#1
|
|||
|
|||
Mystery part.....
... at least it's a mystery to me.....
Appears in both a cab 13 with no hatch and a cab 11 Ford..... Looks like a finger hold to match the Geez handle on the floor..... Any idea what it was for.....? Bob C.
__________________
Bob Carriere....B.T.B C15a Cab 11 Hammond, Ontario Canada |
#2
|
|||
|
|||
Your photos aren't the clearest Bob, but usually the post-service turn signal lever arm arrangement mounted in that vicinity. That kind of looks like the bracket the lever mounted to.
|
#3
|
|||
|
|||
Sorry for the poor pics....
... they were enlargements...cropped and resized....

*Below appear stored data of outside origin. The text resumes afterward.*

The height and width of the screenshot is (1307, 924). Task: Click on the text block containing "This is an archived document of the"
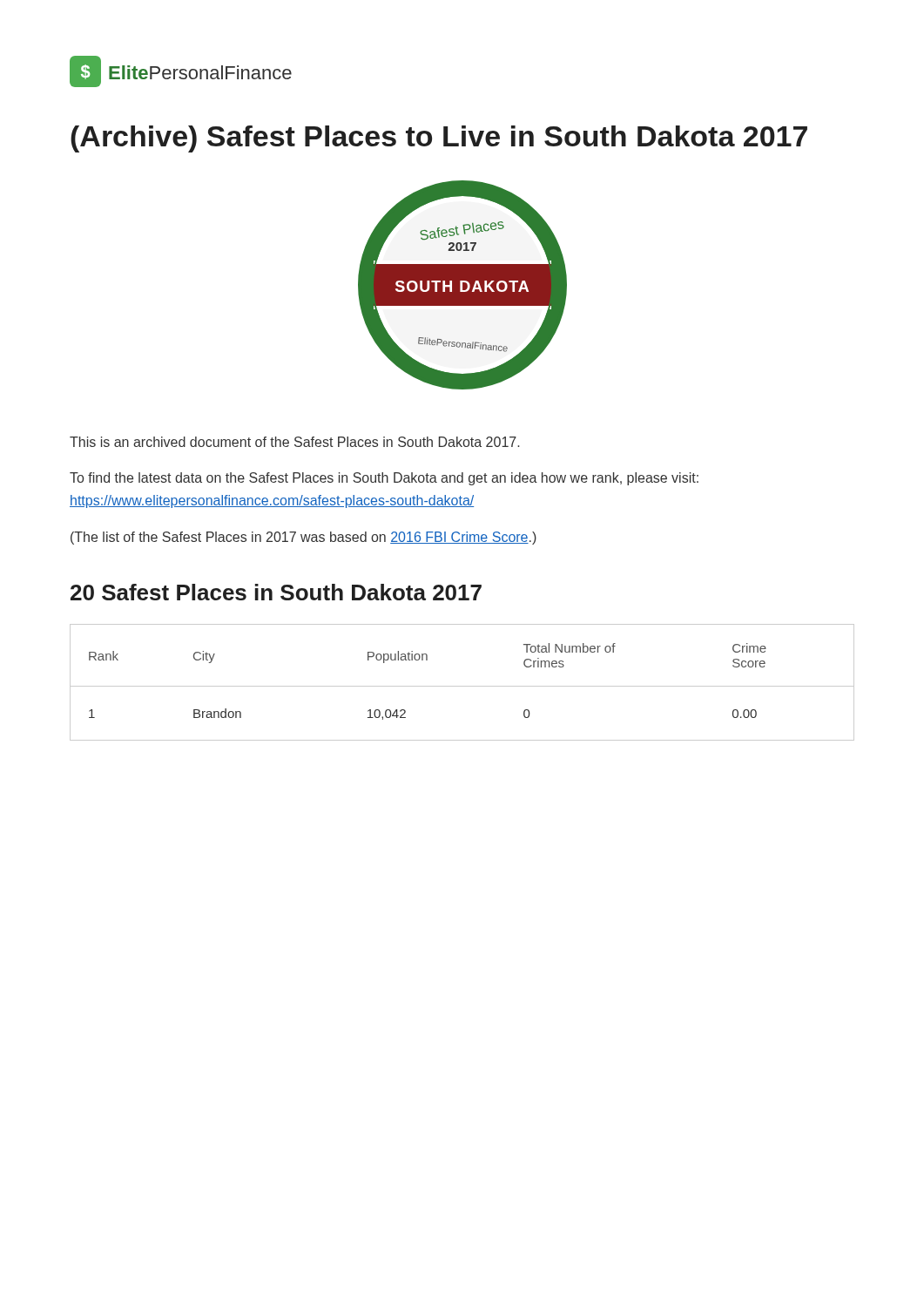(x=295, y=442)
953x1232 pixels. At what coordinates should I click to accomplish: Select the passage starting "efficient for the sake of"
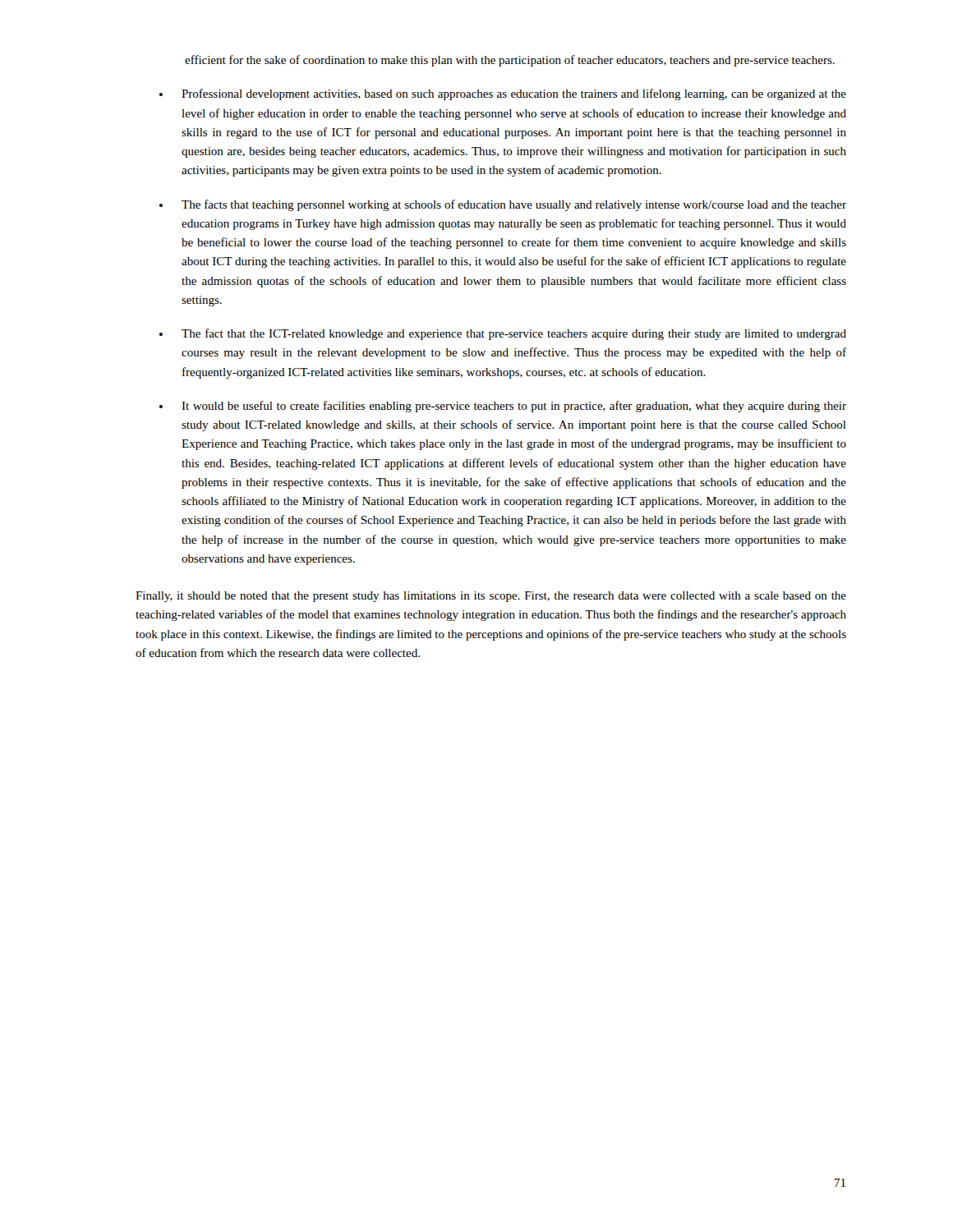tap(510, 60)
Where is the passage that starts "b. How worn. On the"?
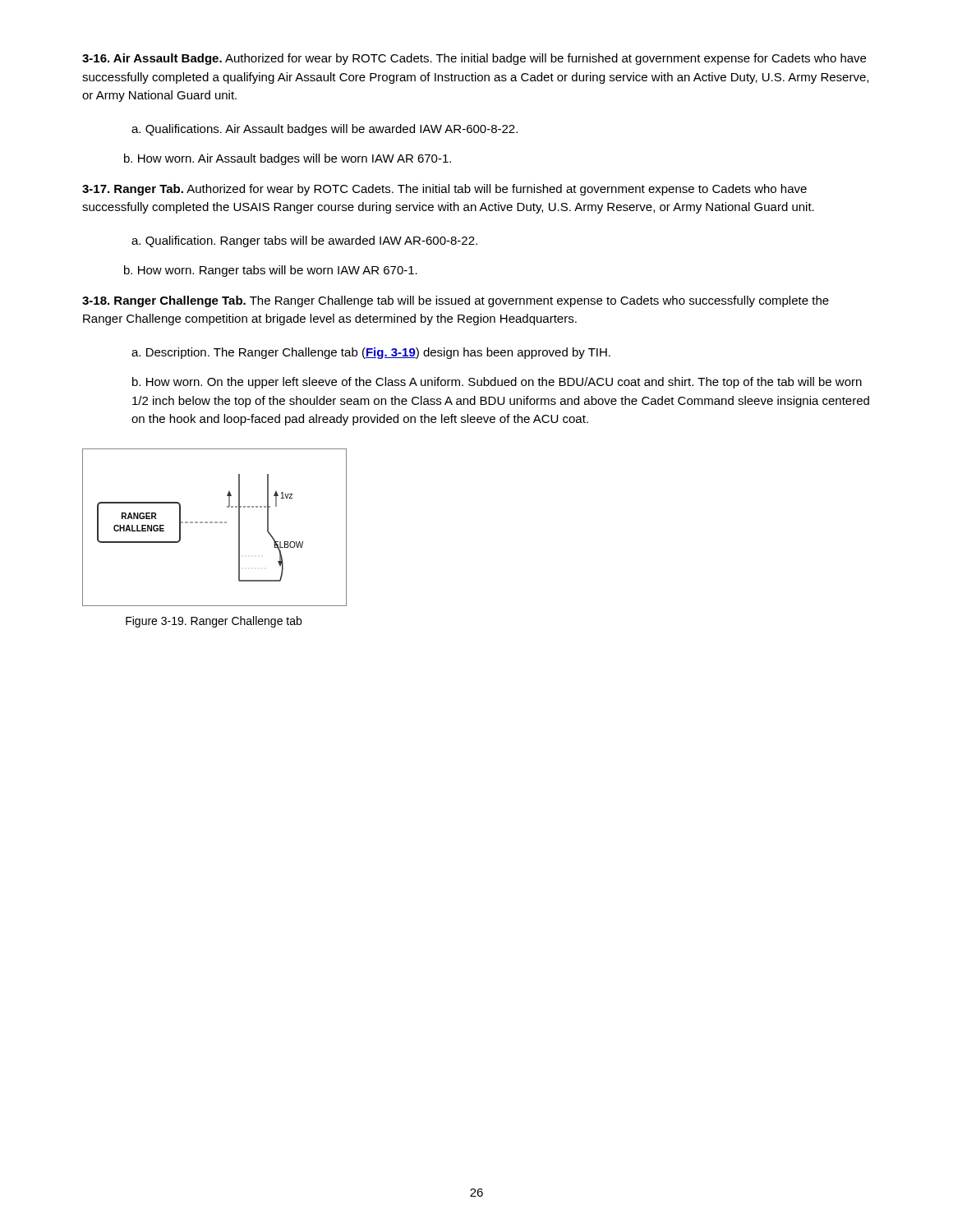The width and height of the screenshot is (953, 1232). tap(501, 400)
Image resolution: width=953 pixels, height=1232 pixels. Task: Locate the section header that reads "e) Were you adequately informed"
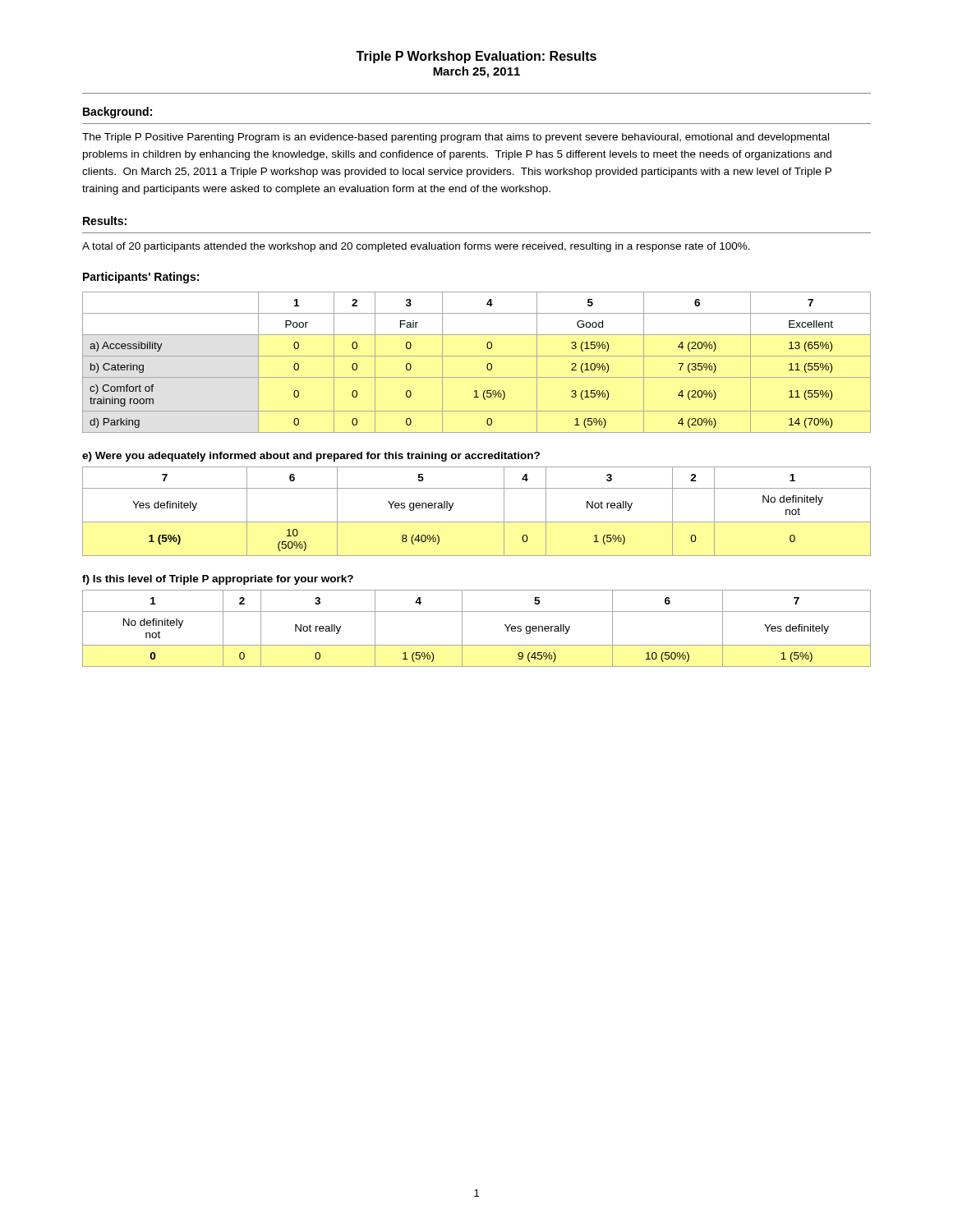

But you are correct....... weird contraption but no doubt a post was civvy adaptation...... made necessary by cold Canadian Winter which resulted in plywood framed side door windows that did not open.... hand signals were impossible. I would like to say these trucks are behind my barn but that is not so...... Bob
__________________
Bob Carriere....B.T.B C15a Cab 11 Hammond, Ontario Canada |
#4
|
|||
|
|||
It wasn't the plywood windows that were the problem, it was that the hand signals would be coming from the left side window, while the rest of the modern civilized world was using the right window. When I was posted to Saskatchewan, the older club members told me it was regulation that the left hand drive vehicles were equipped with the signal flap off the right side. It was controlled by a roof mounted lever mounted to brackets similar to what you have shown.